Bugün gelinen son manzara pek iç açıcı değil: Türkiye medya özgürlüğünde, temel özgürlükler alanında, işkence ve kötü muamele durumunda dünyanın en kötü sıralamaları içindedir. Polis şiddetinin adeta olağan görüldüğü bir durum var. Bir medya mensubunun (foto muhabiri Bülent Kılıç’ın) nefesi tıpkı ABD’deki George Floyd cinayetinde olduğu gibi kesilmek istendi. Büyük tepki olunca soruşturma açılabildi. Çok önemli narkotik suç iddiaları var. Otoriterleşme ve yolsuzluklardaki artış yozlaşma ve çürümeye yol açar. Daha çok siyasi çürüme olması isteniyor. HDP gibi bu topraklar için bir şans olan siyasi partinin kapatılması isteniyor. HDP yasaklanacak ama aşırı sağcı, Türkçü bir MHP sistemin iktidarında olacak. Oysa HDP Türkiyeleşmeyi odağına almış bir parti. Sistem HDP’yi sırf Kürtlerden oy alıyor diye bir Kürt partisi olarak görüyor. Bundan dolayı da kapatmak istiyor. Bu bir Kürt düşmanlığı değil midir? Bu topraklarda milyonlarca yaşayan Kürtlerle nasıl bir birliktelik planlıyorsunuz? Seçme ve seçilme hakkı elinden alınmış Kürtlerle nasıl bir birliktelik düşünülüyor?

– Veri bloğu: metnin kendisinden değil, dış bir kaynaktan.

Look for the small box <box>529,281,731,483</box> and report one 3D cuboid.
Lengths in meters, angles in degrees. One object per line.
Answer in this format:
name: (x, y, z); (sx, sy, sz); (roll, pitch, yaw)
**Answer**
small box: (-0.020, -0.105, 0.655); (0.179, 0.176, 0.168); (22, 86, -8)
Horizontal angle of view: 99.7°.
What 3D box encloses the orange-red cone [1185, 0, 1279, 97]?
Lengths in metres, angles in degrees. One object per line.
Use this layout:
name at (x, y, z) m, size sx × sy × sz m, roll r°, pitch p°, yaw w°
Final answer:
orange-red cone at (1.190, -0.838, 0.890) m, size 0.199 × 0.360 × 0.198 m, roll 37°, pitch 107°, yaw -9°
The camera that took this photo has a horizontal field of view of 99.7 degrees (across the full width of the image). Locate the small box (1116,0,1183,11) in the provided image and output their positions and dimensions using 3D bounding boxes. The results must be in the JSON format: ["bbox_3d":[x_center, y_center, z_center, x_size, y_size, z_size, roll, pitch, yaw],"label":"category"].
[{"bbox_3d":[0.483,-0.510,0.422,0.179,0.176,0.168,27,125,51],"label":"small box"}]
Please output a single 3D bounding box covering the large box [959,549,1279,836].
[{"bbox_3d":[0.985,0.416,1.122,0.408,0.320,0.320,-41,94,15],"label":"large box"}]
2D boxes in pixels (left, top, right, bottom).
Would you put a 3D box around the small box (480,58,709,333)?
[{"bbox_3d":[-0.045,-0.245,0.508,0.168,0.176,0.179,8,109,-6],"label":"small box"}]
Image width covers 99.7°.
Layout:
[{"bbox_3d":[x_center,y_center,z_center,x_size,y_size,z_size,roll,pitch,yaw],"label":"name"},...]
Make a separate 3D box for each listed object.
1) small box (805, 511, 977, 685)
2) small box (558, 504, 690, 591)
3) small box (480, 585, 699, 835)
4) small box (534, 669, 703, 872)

Türkiye hızlı bir şekilde kapalı topluma dönüşme yolunda. Bunda şüphesiz medyanın ve yargının felce uğratılmış olmasının rolü yadsınamaz. Bu topraklarda dünyanın en büyük depremi olsa, gökten taş yağsa, sudan bir saatte bir milyon kişi ölse bunu haber yapamaz bir medya var. İktidardan izin almadan en önemli olayları haber yapamıyorlar. Demokrasilerde bu kabul edilemez durumdur. Ayrıca sesi çıkabilen bir sivil toplum demokratik hukuk devletleri için vazgeçilmezdir. Böylesi bir sivil toplum da istenmiyor. Bu özellikleri olmayan toplumlar, demokratik hukuk devletlerini yaratamazlar. Yine de her şeyin tıkır işlediğini, hiçbir sorunun olmadığını iddia eden sistem gülümsemeye devam edebiliyor. Nikolay Gogol “Neva Bulvarı” kitabında güzel bir kadın karşısında duran bir erkeğin gördüğü gülümseme ile ilgili şöyle diyor: “Ancak, bu gülümsemede acınası bir küstahlık vardı ve tuhaftı, bir rüşvetçinin suratına dindar bir ifade ya da bir şairin eline muhasebe defteri ne kadar yakışıyorsa bu gülümseme de ona öyle yakışıyordu.” Aklıma nedense Gogol’ün bu yazdığı geldi.